The process to make bread using this long-practiced method is slow — hence, why most bread isn't made like this — but the outcomes are well worth the effort. At Central Food and Common Crumb, the baking process is about 24 hours from start to finish.

"We could do it in less time, but it wouldn't be the same bread," says Central Food's Blaine. "It's surprising that bread made this way connects with customers, and we really like that. That is the whole philosophy — we like that food is a part of people getting together."

In an age where technological convenience and speed are cultural norms, "artisan" has become a buzzword for the marketing of just about anything. We have artisan pizza, artisan soaps, artisan jewelry, artisan cocktails and artisan cheese.

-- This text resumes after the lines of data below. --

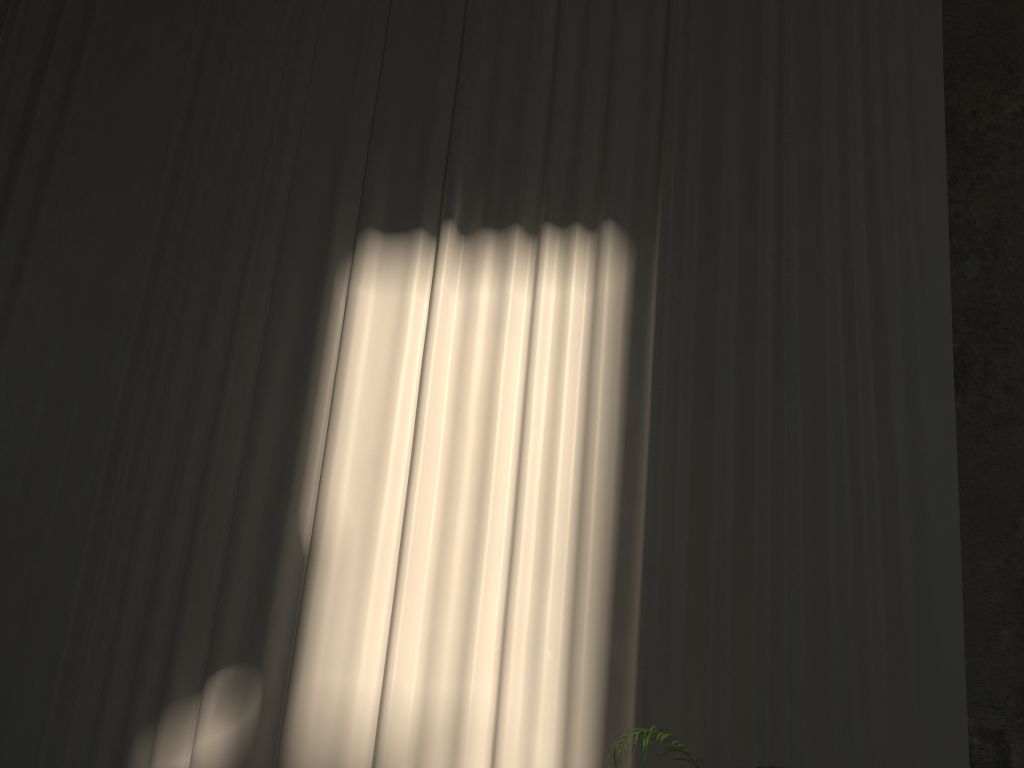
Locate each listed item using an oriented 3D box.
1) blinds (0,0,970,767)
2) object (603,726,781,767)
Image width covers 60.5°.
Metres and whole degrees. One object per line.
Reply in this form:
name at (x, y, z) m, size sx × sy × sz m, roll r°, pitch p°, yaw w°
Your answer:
blinds at (-1.306, -0.944, 5.858) m, size 7.817 × 8.353 × 0.284 m, roll 1°, pitch -15°, yaw 15°
object at (0.902, 2.203, 3.655) m, size 1.127 × 1.406 × 1.133 m, roll 4°, pitch -17°, yaw 5°
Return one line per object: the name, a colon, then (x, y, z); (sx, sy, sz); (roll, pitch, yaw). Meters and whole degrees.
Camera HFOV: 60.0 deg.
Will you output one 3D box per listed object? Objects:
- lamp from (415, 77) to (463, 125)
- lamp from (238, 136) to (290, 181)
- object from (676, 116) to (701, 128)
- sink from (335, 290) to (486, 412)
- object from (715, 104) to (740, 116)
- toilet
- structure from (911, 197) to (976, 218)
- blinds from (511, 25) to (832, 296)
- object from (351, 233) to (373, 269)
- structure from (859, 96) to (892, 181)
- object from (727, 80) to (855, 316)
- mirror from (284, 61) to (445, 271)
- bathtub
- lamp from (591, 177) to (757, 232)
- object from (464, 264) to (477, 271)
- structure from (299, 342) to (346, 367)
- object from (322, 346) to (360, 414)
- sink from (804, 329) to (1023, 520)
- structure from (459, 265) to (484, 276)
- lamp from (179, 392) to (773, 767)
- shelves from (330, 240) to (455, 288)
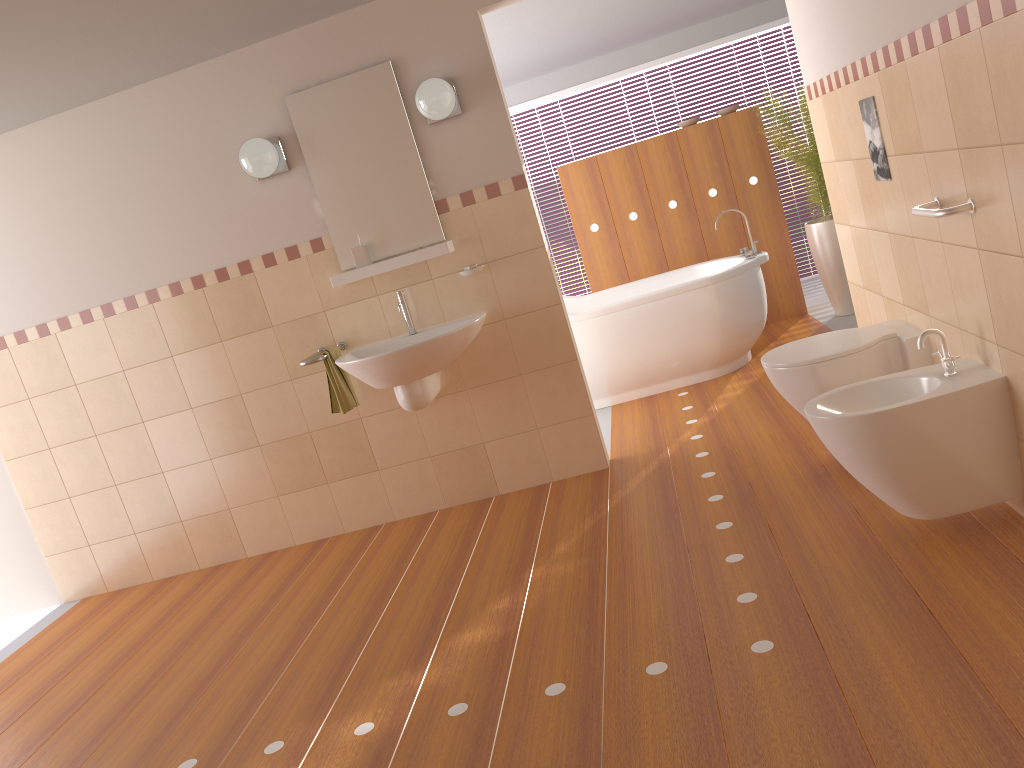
lamp: (-0.320, -1.205, 3.757); (0.173, 0.173, 0.209); (-15, 10, 10)
lamp: (-1.106, -0.993, 3.898); (0.173, 0.173, 0.209); (-15, 10, 10)
object: (1.224, -1.798, 6.124); (0.173, 0.046, 0.173); (-15, 10, 10)
sink: (-0.447, -0.134, 3.845); (0.683, 0.516, 0.539); (-15, 10, 10)
object: (1.483, -1.868, 6.077); (0.173, 0.046, 0.173); (-15, 10, 10)
toilet: (1.221, 0.034, 3.232); (0.534, 0.400, 0.375); (-15, 10, 10)
structure: (1.173, -0.480, 2.438); (0.091, 0.042, 0.295); (-15, 10, 10)
blinds: (0.936, -1.520, 7.643); (4.712, 2.022, 0.032); (-15, 10, 10)
object: (-0.682, -0.597, 3.966); (0.063, 0.149, 0.073); (-15, 10, 10)
structure: (1.218, -0.820, 2.979); (0.005, 0.279, 0.170); (-15, 10, 10)
object: (2.102, -1.222, 5.632); (0.683, 1.557, 1.335); (-8, 14, 42)
mirror: (-0.652, -0.956, 3.942); (0.502, 0.799, 0.008); (-15, 10, 10)
bathtub: (0.685, -0.421, 5.518); (1.874, 0.900, 0.888); (-15, 10, 10)
lamp: (1.111, -1.239, 6.126); (1.169, 0.052, 0.001); (-15, 10, 10)
object: (-0.186, -0.520, 3.956); (0.050, 0.023, 0.075); (-22, 11, -25)
structure: (-0.862, -0.128, 3.999); (0.142, 0.042, 0.333); (-15, 10, 10)
object: (-0.771, -0.021, 4.007); (0.085, 0.306, 0.181); (-12, 11, 26)
sink: (1.137, 0.122, 2.578); (0.515, 0.517, 0.335); (-15, 10, 10)
structure: (-0.182, -0.499, 3.959); (0.117, 0.029, 0.092); (-15, 10, 10)
lamp: (-0.673, 0.769, 3.939); (3.173, 0.001, 2.893); (-15, 10, 10)
shelves: (-0.534, -0.537, 3.969); (0.554, 0.050, 0.138); (-15, 10, 10)
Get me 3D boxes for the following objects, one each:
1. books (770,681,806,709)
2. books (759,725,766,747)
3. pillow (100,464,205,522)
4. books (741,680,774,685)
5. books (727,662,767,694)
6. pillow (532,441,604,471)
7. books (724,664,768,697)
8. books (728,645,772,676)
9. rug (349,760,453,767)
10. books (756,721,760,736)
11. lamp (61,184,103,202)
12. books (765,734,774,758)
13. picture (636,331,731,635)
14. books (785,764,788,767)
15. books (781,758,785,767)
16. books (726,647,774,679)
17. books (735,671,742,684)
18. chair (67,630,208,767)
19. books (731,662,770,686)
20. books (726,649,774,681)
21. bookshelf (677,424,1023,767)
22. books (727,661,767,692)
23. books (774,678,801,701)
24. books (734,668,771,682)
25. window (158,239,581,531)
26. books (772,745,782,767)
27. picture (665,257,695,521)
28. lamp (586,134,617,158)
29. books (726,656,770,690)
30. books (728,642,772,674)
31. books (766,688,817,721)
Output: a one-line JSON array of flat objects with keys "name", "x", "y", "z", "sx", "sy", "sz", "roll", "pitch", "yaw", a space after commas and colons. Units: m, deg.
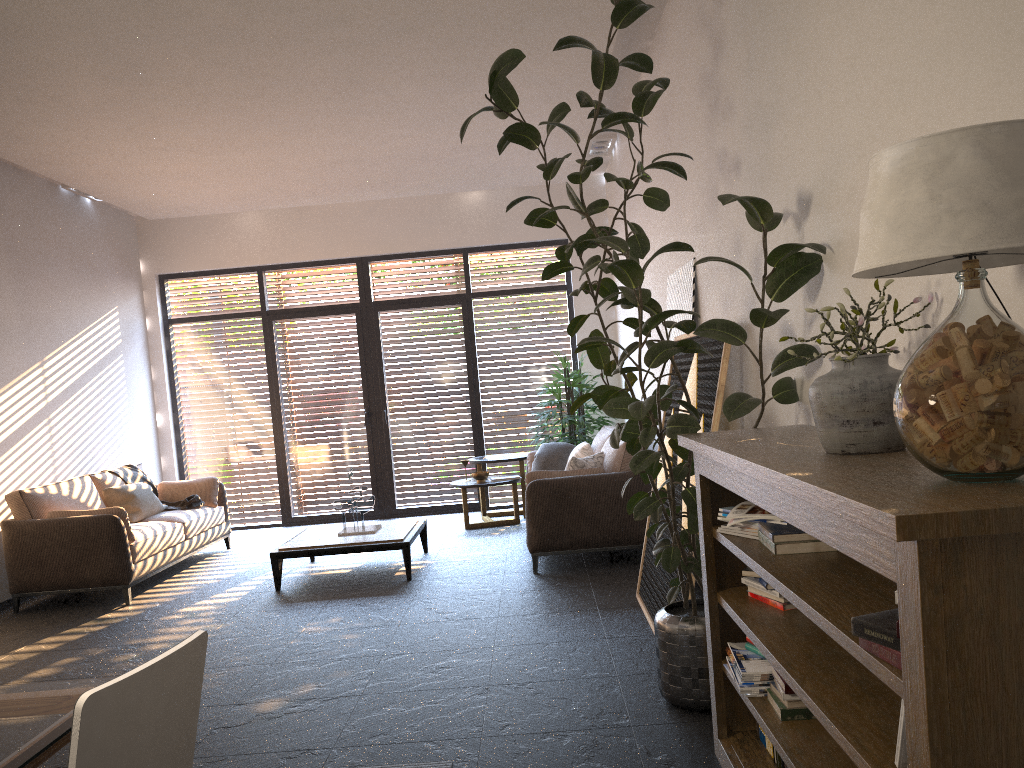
[{"name": "books", "x": 0.907, "y": 0.917, "z": 2.641, "sx": 0.227, "sy": 0.024, "sz": 0.166, "roll": -5, "pitch": 0, "yaw": -1}, {"name": "books", "x": 0.944, "y": 1.123, "z": 3.069, "sx": 0.171, "sy": 0.235, "sz": 0.100, "roll": -5, "pitch": 3, "yaw": 1}, {"name": "pillow", "x": -3.477, "y": 1.102, "z": 8.123, "sx": 0.956, "sy": 0.710, "sz": 1.014, "roll": -4, "pitch": 1, "yaw": 26}, {"name": "books", "x": 0.840, "y": 0.923, "z": 2.896, "sx": 0.218, "sy": 0.006, "sz": 0.304, "roll": -5, "pitch": 0, "yaw": 6}, {"name": "books", "x": 0.837, "y": 0.956, "z": 2.908, "sx": 0.218, "sy": 0.007, "sz": 0.304, "roll": -5, "pitch": 0, "yaw": 6}, {"name": "pillow", "x": 0.459, "y": 0.709, "z": 7.559, "sx": 0.618, "sy": 0.343, "sz": 1.889, "roll": -5, "pitch": 0, "yaw": 1}, {"name": "books", "x": 0.838, "y": 0.963, "z": 2.906, "sx": 0.218, "sy": 0.008, "sz": 0.304, "roll": -5, "pitch": 0, "yaw": 1}, {"name": "books", "x": 0.839, "y": 0.897, "z": 2.895, "sx": 0.218, "sy": 0.008, "sz": 0.304, "roll": -5, "pitch": 0, "yaw": 6}, {"name": "rug", "x": -1.443, "y": 1.530, "z": 1.535, "sx": 2.371, "sy": 0.006, "sz": 3.678, "roll": -5, "pitch": 0, "yaw": 1}, {"name": "books", "x": 0.946, "y": 1.118, "z": 3.137, "sx": 0.171, "sy": 0.242, "sz": 0.084, "roll": -5, "pitch": 3, "yaw": 1}, {"name": "lamp", "x": -3.987, "y": -1.837, "z": 8.407, "sx": 0.253, "sy": 0.066, "sz": 0.643, "roll": -5, "pitch": 0, "yaw": 1}, {"name": "books", "x": 0.943, "y": 1.123, "z": 2.987, "sx": 0.171, "sy": 0.236, "sz": 0.107, "roll": -5, "pitch": 3, "yaw": 1}, {"name": "picture", "x": 0.888, "y": 0.528, "z": 4.765, "sx": 0.386, "sy": 1.609, "sz": 1.494, "roll": -5, "pitch": 2, "yaw": 1}, {"name": "books", "x": 0.939, "y": 1.130, "z": 2.789, "sx": 0.171, "sy": 0.225, "sz": 0.082, "roll": -5, "pitch": 3, "yaw": 1}, {"name": "books", "x": 0.939, "y": 1.121, "z": 2.841, "sx": 0.171, "sy": 0.241, "sz": 0.055, "roll": -5, "pitch": 3, "yaw": 1}, {"name": "books", "x": 0.836, "y": 0.905, "z": 2.896, "sx": 0.218, "sy": 0.008, "sz": 0.304, "roll": -5, "pitch": 0, "yaw": 5}, {"name": "books", "x": 0.841, "y": 0.929, "z": 2.905, "sx": 0.219, "sy": 0.008, "sz": 0.287, "roll": -5, "pitch": 0, "yaw": 7}, {"name": "chair", "x": -0.963, "y": 1.032, "z": 1.863, "sx": 0.602, "sy": 0.922, "sz": 0.473, "roll": -4, "pitch": 3, "yaw": 11}, {"name": "books", "x": 0.840, "y": 0.934, "z": 2.905, "sx": 0.219, "sy": 0.008, "sz": 0.287, "roll": -5, "pitch": 0, "yaw": 7}, {"name": "books", "x": 0.834, "y": 0.912, "z": 2.896, "sx": 0.218, "sy": 0.008, "sz": 0.304, "roll": -5, "pitch": 0, "yaw": 5}, {"name": "bookshelf", "x": 0.852, "y": 0.754, "z": 2.275, "sx": 0.451, "sy": 1.175, "sz": 1.915, "roll": -5, "pitch": 1, "yaw": 1}, {"name": "books", "x": 0.836, "y": 0.948, "z": 2.906, "sx": 0.218, "sy": 0.008, "sz": 0.304, "roll": -5, "pitch": 0, "yaw": 6}, {"name": "books", "x": 0.914, "y": 0.893, "z": 2.628, "sx": 0.243, "sy": 0.024, "sz": 0.174, "roll": -5, "pitch": 0, "yaw": 8}, {"name": "books", "x": 0.836, "y": 0.919, "z": 2.899, "sx": 0.218, "sy": 0.008, "sz": 0.287, "roll": -5, "pitch": 0, "yaw": 5}, {"name": "window", "x": -1.535, "y": 0.020, "z": 10.006, "sx": 4.942, "sy": 3.037, "sz": 0.458, "roll": -5, "pitch": 3, "yaw": 1}, {"name": "books", "x": 0.936, "y": 1.122, "z": 2.899, "sx": 0.167, "sy": 0.242, "sz": 0.099, "roll": -5, "pitch": 3, "yaw": 1}, {"name": "picture", "x": 1.021, "y": 0.302, "z": 5.507, "sx": 0.207, "sy": 2.025, "sz": 0.955, "roll": -5, "pitch": 3, "yaw": 1}, {"name": "lamp", "x": 0.822, "y": -2.239, "z": 8.283, "sx": 0.253, "sy": 0.066, "sz": 0.643, "roll": -5, "pitch": 0, "yaw": 1}, {"name": "books", "x": 0.835, "y": 0.940, "z": 2.907, "sx": 0.219, "sy": 0.013, "sz": 0.304, "roll": -5, "pitch": 0, "yaw": 6}, {"name": "books", "x": 0.837, "y": 0.888, "z": 2.893, "sx": 0.219, "sy": 0.013, "sz": 0.304, "roll": -5, "pitch": 0, "yaw": 6}, {"name": "books", "x": 0.902, "y": 0.947, "z": 2.637, "sx": 0.243, "sy": 0.034, "sz": 0.179, "roll": -5, "pitch": 0, "yaw": 3}]
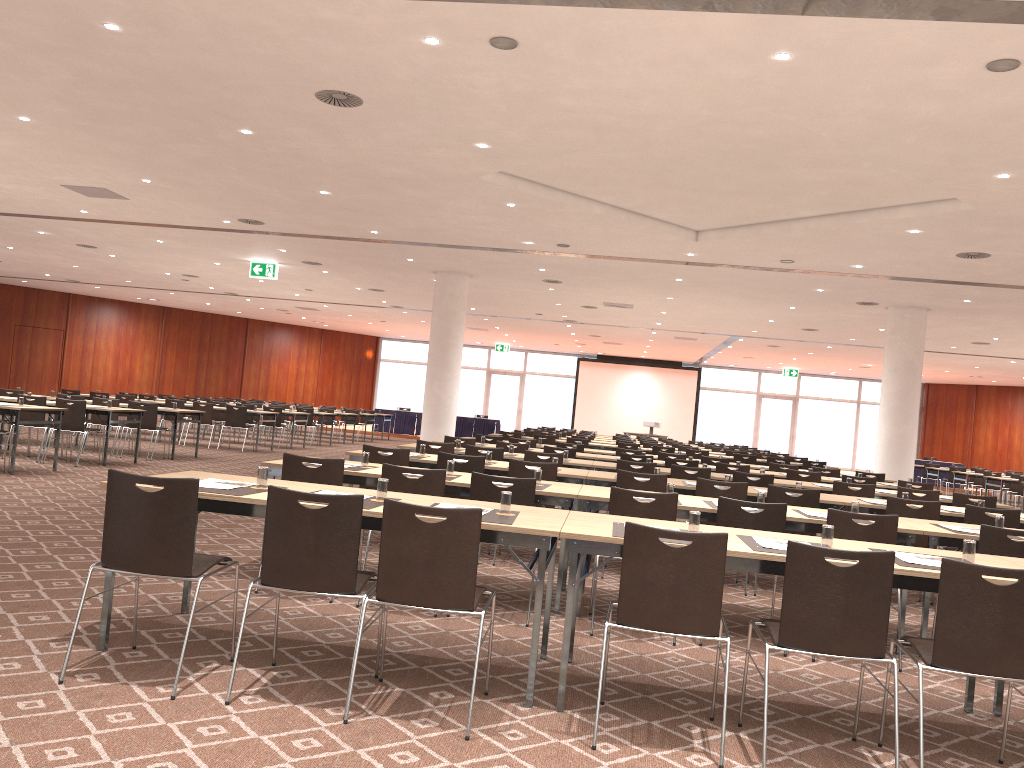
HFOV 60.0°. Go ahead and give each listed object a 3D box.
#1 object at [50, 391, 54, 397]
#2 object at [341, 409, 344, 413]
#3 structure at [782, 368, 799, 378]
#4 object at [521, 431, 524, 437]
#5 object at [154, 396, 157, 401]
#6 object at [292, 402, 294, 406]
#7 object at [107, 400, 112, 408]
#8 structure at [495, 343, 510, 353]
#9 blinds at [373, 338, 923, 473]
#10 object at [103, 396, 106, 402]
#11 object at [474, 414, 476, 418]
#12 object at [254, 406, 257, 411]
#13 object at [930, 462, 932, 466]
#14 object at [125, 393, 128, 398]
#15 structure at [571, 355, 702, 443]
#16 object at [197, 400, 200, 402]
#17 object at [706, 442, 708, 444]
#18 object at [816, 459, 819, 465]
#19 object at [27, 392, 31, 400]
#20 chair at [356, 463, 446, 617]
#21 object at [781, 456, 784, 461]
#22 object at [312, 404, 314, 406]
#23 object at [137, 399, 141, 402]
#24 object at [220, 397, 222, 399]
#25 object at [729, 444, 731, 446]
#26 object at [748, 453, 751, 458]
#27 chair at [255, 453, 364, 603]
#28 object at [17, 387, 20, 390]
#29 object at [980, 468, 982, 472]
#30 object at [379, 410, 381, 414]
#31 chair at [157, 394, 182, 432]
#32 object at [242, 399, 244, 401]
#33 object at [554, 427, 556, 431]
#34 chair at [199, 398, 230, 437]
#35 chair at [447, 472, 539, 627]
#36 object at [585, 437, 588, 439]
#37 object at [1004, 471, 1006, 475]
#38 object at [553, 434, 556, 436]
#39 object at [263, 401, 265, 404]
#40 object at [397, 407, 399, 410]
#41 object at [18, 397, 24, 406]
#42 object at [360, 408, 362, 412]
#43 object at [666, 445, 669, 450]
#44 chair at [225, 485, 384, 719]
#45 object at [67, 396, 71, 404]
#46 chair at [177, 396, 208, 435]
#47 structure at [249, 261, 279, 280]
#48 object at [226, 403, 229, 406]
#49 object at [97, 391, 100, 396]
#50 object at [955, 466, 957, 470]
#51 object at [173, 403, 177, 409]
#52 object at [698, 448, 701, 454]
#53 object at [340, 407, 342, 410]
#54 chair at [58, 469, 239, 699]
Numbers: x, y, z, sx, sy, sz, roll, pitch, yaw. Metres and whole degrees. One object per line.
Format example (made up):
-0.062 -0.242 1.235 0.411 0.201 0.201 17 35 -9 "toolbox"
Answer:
-8.070 0.177 15.573 0.054 0.114 0.054 4 -2 40 "object"
-4.728 0.751 24.733 0.054 0.114 0.054 5 -1 -5 "object"
10.995 -0.441 35.010 0.587 0.346 0.105 5 -1 7 "structure"
0.214 1.021 18.121 0.054 0.114 0.054 6 -1 -27 "object"
-7.664 0.315 19.049 0.054 0.114 0.054 4 -2 40 "object"
-7.171 0.647 29.039 0.054 0.114 0.054 6 -1 -27 "object"
-6.039 0.302 13.310 0.054 0.114 0.054 5 -1 -5 "object"
-0.396 -1.462 36.352 0.587 0.346 0.105 5 -1 7 "structure"
5.281 0.900 37.468 22.849 3.816 0.115 5 -1 7 "blinds"
-7.109 0.263 15.455 0.054 0.114 0.054 5 -1 -5 "object"
-1.321 1.140 31.737 0.054 0.114 0.054 5 -1 18 "object"
-5.429 0.515 18.771 0.054 0.114 0.054 6 -1 -27 "object"
12.612 2.422 26.721 0.054 0.114 0.054 5 -1 -5 "object"
-8.309 0.257 19.114 0.054 0.114 0.054 4 -2 40 "object"
5.175 0.666 37.104 5.158 3.525 0.395 5 -1 7 "structure"
-6.702 0.401 18.936 0.054 0.114 0.054 6 -1 -27 "object"
5.623 1.737 25.528 0.054 0.114 0.054 4 -2 40 "object"
5.999 1.540 17.423 0.054 0.114 0.054 6 -1 -27 "object"
-7.332 0.186 13.466 0.054 0.114 0.054 5 -1 -5 "object"
-0.673 1.018 6.036 0.535 0.939 0.614 5 -1 6 "chair"
5.344 1.481 17.505 0.054 0.114 0.054 4 -2 40 "object"
-6.516 0.706 28.970 0.054 0.114 0.054 6 -1 -27 "object"
-6.469 0.321 15.377 0.054 0.114 0.054 5 -1 -5 "object"
-8.260 0.434 25.146 0.054 0.114 0.054 6 -1 -27 "object"
6.257 1.794 25.453 0.054 0.114 0.054 4 -2 40 "object"
4.714 1.425 17.584 0.054 0.114 0.054 4 -2 40 "object"
-1.359 0.958 6.151 0.535 0.939 0.614 5 -1 8 "chair"
-8.705 0.120 15.637 0.054 0.114 0.054 4 -2 40 "object"
13.024 2.401 24.652 0.054 0.114 0.054 5 -1 -5 "object"
-4.277 0.907 28.707 0.054 0.114 0.054 5 -1 -5 "object"
-8.799 0.739 22.688 0.535 0.939 0.614 5 -1 8 "chair"
-7.614 0.492 25.070 0.054 0.114 0.054 6 -1 -27 "object"
1.356 1.412 28.037 0.054 0.114 0.054 6 -1 -27 "object"
-7.475 0.854 22.391 0.535 0.939 0.614 5 -1 4 "chair"
-0.074 1.073 6.000 0.535 0.939 0.614 5 -1 8 "chair"
1.505 1.137 17.953 0.054 0.114 0.054 4 -2 40 "object"
13.669 2.459 24.583 0.054 0.114 0.054 5 -1 -5 "object"
0.861 1.079 18.043 0.054 0.114 0.054 4 -2 40 "object"
-6.980 0.549 24.995 0.054 0.114 0.054 6 -1 -27 "object"
-4.134 0.888 32.068 0.054 0.114 0.054 5 -1 18 "object"
-6.268 0.223 11.325 0.054 0.114 0.054 5 -1 18 "object"
-4.913 0.850 28.779 0.054 0.114 0.054 5 -1 -5 "object"
3.112 1.281 17.771 0.054 0.114 0.054 6 -1 -27 "object"
-0.900 0.941 4.084 0.535 0.939 0.614 5 -1 4 "chair"
-6.696 0.243 13.394 0.054 0.114 0.054 5 -1 -5 "object"
-8.088 0.801 22.545 0.535 0.939 0.614 5 -1 9 "chair"
-5.278 -2.418 18.872 0.587 0.346 0.105 5 -1 7 "structure"
-6.058 0.459 18.858 0.054 0.114 0.054 6 -1 -27 "object"
-8.950 0.199 19.192 0.054 0.114 0.054 4 -2 40 "object"
12.385 2.344 24.732 0.054 0.114 0.054 5 -1 -5 "object"
-5.813 0.380 15.296 0.054 0.114 0.054 5 -1 -5 "object"
3.746 1.338 17.693 0.054 0.114 0.054 6 -1 -27 "object"
-5.554 0.792 28.853 0.054 0.114 0.054 5 -1 -5 "object"
-1.633 0.874 4.136 0.535 0.939 0.614 5 -1 7 "chair"

"'Artisan' originally just meant, this is someone who has devoted time and effort to get good at something very specific. So when we say it's artisanal bread, it's like they used to make bread, is what we're really saying," says Blaine.

"I think overall in food, the biggest shift has been that the story of the food has become more important," he adds. "People are always asking where is this [ingredient] from, the farmers markets have been expanding, and people are just interested in the story of the food."



  • or

Chey Scott

Chey Scott is the Inlander's Editor, and has been on staff since 2012. Her past roles at the paper include arts and culture editor, food editor and listings editor. She also currently serves as editor of the Inlander's yearly, glossy magazine, the Annual Manual. Chey (pronounced "Shay") is a lifelong resident...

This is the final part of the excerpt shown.